In 2014-2016 outbreak in West Africa was the largest and most complex Ebola outbreak since the virus first discovered in 1976. There were more cases and deaths in this outbreak than all others combined. It also spread in countries, starting in Guinea then moving across land borders to Sierra Leone and Liberia.

Symptoms: High fever, bleeding, and central nervous system damage are the symptoms. The average EVD case fatality rate is around 50%. However, in past outbreaks case fatality rates have varied from 25% to 90%


Treatment: There is yet no proven treatment available for EVD. However, a range of potential treatments including immune therapies, blood products, and drug therapies are currently being evaluated. An experimental Ebola vaccine are rVSV-ZEBOV is proved to highly protective against the deadly virus in a major trial in Guinea conducted in 2015.






Later, the World Health Organization has expressed confidence that a prototype vaccine for Ebola called rVSV-ZEBOV maybe 100% effective in protecting against the deadly virus. The vaccine was initially developed in Canada by public health authorities before being taken over by pharmaceutical giant Merck.

How it can be prevented or controlled?

Raising awareness of risk factors for Ebola infection and protective measures (including vaccination) that individuals can take is an effective way to reduce human transmission. There can be several factors that can be helpful to control the infection.

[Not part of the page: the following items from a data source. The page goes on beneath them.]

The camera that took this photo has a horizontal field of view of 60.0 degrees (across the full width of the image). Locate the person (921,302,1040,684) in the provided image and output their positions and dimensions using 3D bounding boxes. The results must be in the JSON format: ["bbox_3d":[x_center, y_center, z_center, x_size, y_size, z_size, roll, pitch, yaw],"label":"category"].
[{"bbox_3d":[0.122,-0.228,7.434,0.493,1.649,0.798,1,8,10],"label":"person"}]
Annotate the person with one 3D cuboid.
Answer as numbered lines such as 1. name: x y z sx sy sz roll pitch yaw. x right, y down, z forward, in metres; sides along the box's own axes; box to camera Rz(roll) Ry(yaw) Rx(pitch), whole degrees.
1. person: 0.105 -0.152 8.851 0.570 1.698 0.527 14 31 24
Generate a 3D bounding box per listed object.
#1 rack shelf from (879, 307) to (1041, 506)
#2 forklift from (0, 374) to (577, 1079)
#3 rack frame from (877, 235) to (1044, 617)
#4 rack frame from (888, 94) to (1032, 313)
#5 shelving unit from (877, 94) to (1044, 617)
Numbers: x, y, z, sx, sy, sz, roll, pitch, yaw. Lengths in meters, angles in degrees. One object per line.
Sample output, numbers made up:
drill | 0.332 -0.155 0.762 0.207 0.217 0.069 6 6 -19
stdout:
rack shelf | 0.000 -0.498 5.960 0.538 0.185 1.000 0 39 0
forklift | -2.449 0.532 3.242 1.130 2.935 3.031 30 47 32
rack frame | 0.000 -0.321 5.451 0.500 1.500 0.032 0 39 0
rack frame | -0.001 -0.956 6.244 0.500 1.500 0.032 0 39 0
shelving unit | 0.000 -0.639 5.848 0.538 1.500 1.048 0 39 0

1. Reducing the risk of wildlife- to – human transmission from contact with infected fruit bats or monkeys/apes and the consumption of their raw meat. The animal should be handled with gloves and masks and other appropriate protective clothing. Animal products like meat should be thoroughly cooked before consumption.

2. Reducing the risk of human-to-human transmission from direct or close contact with people with Ebola symptoms, particularly with their bodily fluids.

3. Reducing the risk of possible sexual transmission based on further analysis of ongoing research and consideration by the WHO advisory group on the Ebola virus disease response. 


WHO recommends that survivors of Ebola virus disease practice safe sex and hygiene for 12 months from onset of symptoms or until their semen tests negative twice for Ebola virus. Contact with body fluids should be avoided and washing with soap and water is recommended.



What is the WHO's concern about the Ebola virus?

WHO aims to prevent the Ebola outbreak by maintaining surveillance for Ebola virus disease and supporting rat -risk countries to developed preparedness plans. The document provides overall guidance for the control of Ebola outbreaks.

When an outbreak is detected WHO responds by supporting surveillance, community engagement, case management, laboratory services, contact tracing, infection control, logical support, and training and assistance with safe practices.






Conclusion 

Such viruses are severe and life-threatening. There have been hundreds of deaths due to Ebola virus. WHO should take urgent measures like it did declare a global emergency to save people from such viruses.

 Spreading awareness would be a better way to curb death rates. Not just Ebola there are various types of dangerous viruses are spreading in different parts of the world. The government should be on high alert to fight such diseases and vaccination should be available in a pro-active manner.